Short to Medium-Term Implications
At PlasBit, we aim to provide advanced tools and transparent information to achieve financial freedom, so we must be honest. Will crypto go up if banks fail? Plausibly, in the short or medium term, the answer is no. Cryptocurrency prices will go down because they are currently still highly correlated to the movements of traditional markets and are considered risk assets. Cryptocurrencies would be the first asset to be sold in the event of major bank failures and financial crises because they are currently the riskiest and most volatile asset class. Gold would probably be the asset that would be valued the most in the event of bank failures. Bitcoin has all the characteristics to be a very good competitor to gold in the long run, but at the moment, it is still not considered a safe haven but a risky and volatile asset. Most institutional investors invest in Bitcoin through ETFs, which are mainly hedge funds and do not provide you with the underlying asset. If most people understand the potential and directly own Bitcoin in their personal wallets, it will be considered a safe haven asset, and its price could surge during bank failures.

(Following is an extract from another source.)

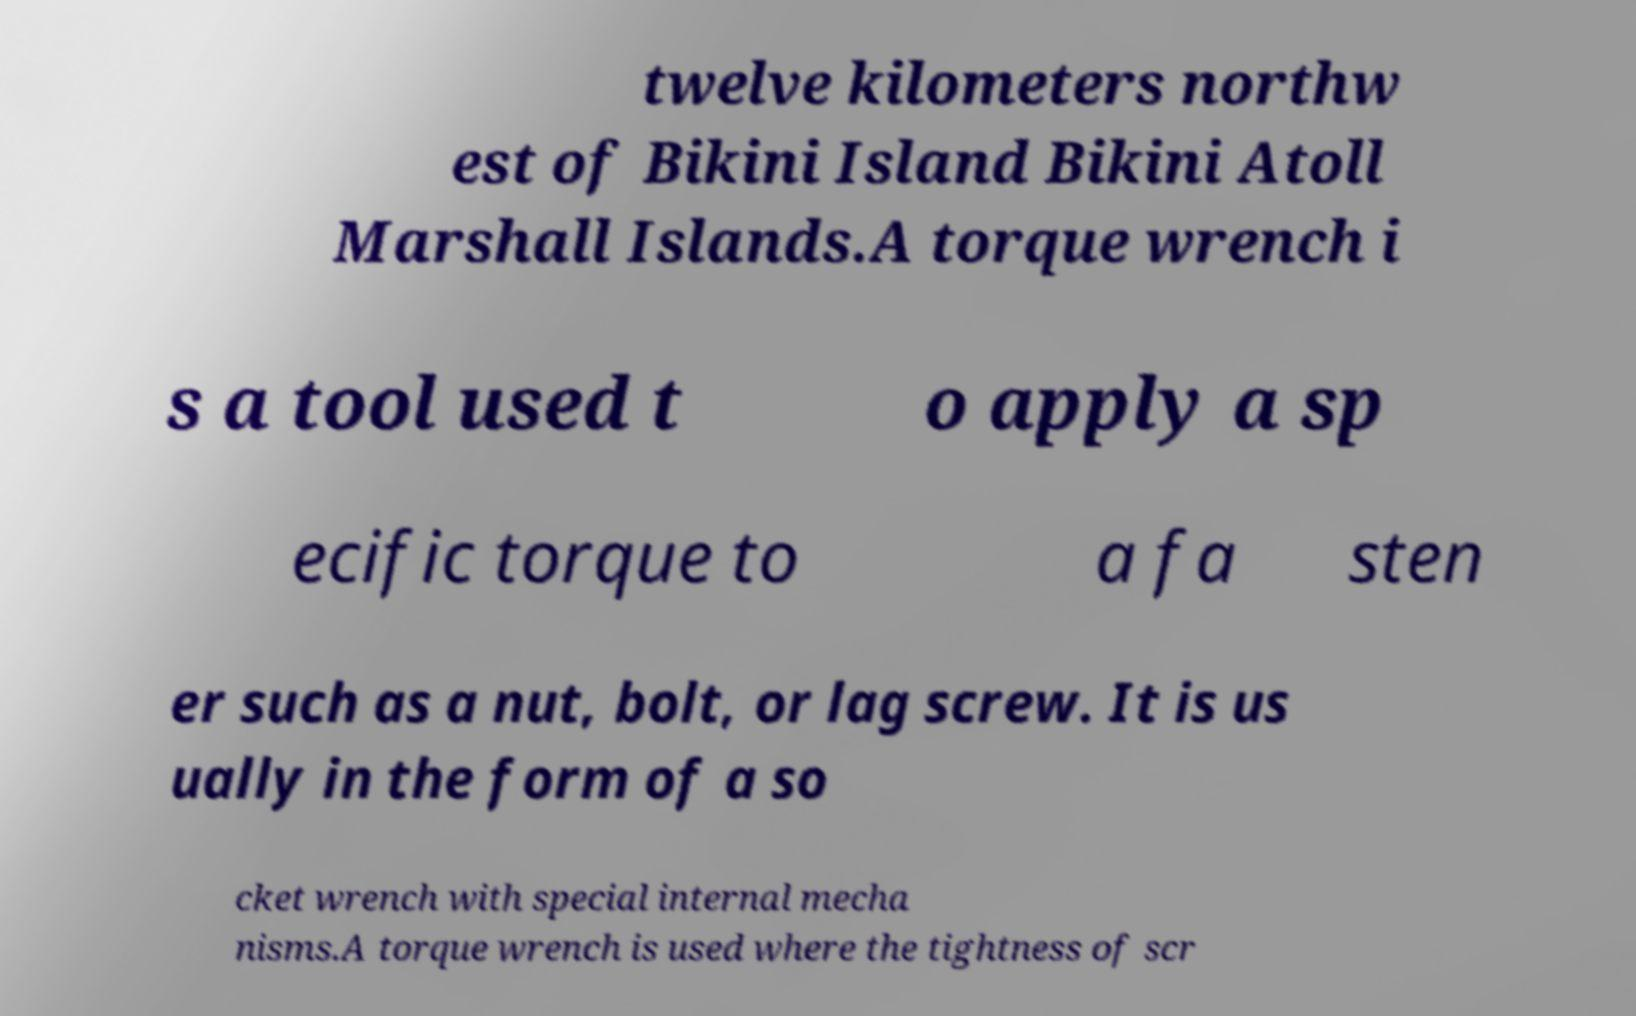I need the written content from this picture converted into text. Can you do that? twelve kilometers northw est of Bikini Island Bikini Atoll Marshall Islands.A torque wrench i s a tool used t o apply a sp ecific torque to a fa sten er such as a nut, bolt, or lag screw. It is us ually in the form of a so cket wrench with special internal mecha nisms.A torque wrench is used where the tightness of scr

Long-Term Vision for Bitcoin and Cryptocurrencies
At some point in the future, if education about Bitcoin and cryptocurrencies really succeeds in making people realize the revolutionary potential it holds, then there could be a change. Bitcoin could de-link from the financial markets, and people would prefer to own BTC directly in their wallets instead of investing in it speculatively through ETFs. The challenge is to balance regulation, decentralization, scalability, security, adoption, and education. Nevertheless, Bitcoin's inherent characteristics make it an ideal asset to perform well during bank failures or crises. But not yet.
We can shape a future of decentralization, security, financial autonomy, and freedom. We are pursuing this goal at PlasBit, and if you have read this research, we are already doing it well. We want everyone to have the theoretical and practical tools to become free from a corrupt and compromised traditional economic system and embrace the financial freedom and security offered by cryptocurrencies.
To conclude, Bitcoin's inherent characteristics make it a promising safe haven asset and a potential competitor to gold. Nevertheless, in the short term, will crypto go up if the banks fail? As we have explained, in the short term, Bitcoin and cryptocurrencies' prices would fall because they are still considered risk assets: investors would shift to gold and other commodities. But isn't Bitcoin also a commodity? Technically, yes, which is precisely why its value as a long-term safe-haven asset should not be underestimated. If not in the coming years, then in the coming decades, Bitcoin has all the potential to become a store of value and a world currency.
Why is Bitcoin necessary? Let's make a quick final example. If you had $100 million in Venezuelan currency in 2010, today, it would be worth a little over $1. If you had it in gold, you would have twice as much; if you had it in Bitcoin, you would be one of the richest people in the world. We would like to recommend that you do further analysis and investigation on this topic because you need to be aware of the inherent risks of the current financial system, and you must protect your wealth with sound risk management.